Goal of the exercise:
I need the lines below from the one with "Convert formula to" down to the one with "Answer yes or no. Yes. Is Dark Gold the" reproduced exactly, both ends included, and nothing else.

Given records:
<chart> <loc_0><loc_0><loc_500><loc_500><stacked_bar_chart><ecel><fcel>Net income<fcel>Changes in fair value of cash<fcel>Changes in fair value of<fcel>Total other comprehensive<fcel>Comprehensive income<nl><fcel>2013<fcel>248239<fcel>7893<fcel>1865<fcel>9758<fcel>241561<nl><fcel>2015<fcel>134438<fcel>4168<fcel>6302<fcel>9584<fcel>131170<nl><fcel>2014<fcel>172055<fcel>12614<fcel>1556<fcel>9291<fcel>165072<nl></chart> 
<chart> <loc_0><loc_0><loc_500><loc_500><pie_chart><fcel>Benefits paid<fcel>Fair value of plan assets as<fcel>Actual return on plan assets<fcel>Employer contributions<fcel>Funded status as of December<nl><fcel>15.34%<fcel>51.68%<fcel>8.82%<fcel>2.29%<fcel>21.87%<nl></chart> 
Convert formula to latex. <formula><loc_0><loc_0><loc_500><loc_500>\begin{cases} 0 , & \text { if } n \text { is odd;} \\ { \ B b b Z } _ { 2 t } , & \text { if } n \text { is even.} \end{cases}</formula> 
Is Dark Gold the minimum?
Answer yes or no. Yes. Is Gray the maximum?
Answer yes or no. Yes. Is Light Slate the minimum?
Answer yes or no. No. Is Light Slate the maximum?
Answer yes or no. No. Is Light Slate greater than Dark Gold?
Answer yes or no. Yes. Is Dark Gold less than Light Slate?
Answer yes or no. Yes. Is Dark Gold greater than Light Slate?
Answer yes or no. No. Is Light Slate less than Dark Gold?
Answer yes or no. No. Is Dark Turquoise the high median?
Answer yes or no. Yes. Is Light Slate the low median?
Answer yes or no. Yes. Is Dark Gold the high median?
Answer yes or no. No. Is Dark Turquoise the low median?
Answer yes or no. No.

Result of the task:
Convert formula to latex. <formula><loc_0><loc_0><loc_500><loc_500>\begin{cases} 0 , & \text { if } n \text { is odd;} \\ { \ B b b Z } _ { 2 t } , & \text { if } n \text { is even.} \end{cases}</formula> 
Is Dark Gold the minimum?
Answer yes or no. Yes. Is Gray the maximum?
Answer yes or no. Yes. Is Light Slate the minimum?
Answer yes or no. No. Is Light Slate the maximum?
Answer yes or no. No. Is Light Slate greater than Dark Gold?
Answer yes or no. Yes. Is Dark Gold less than Light Slate?
Answer yes or no. Yes. Is Dark Gold greater than Light Slate?
Answer yes or no. No. Is Light Slate less than Dark Gold?
Answer yes or no. No. Is Dark Turquoise the high median?
Answer yes or no. Yes. Is Light Slate the low median?
Answer yes or no. Yes. Is Dark Gold the high median?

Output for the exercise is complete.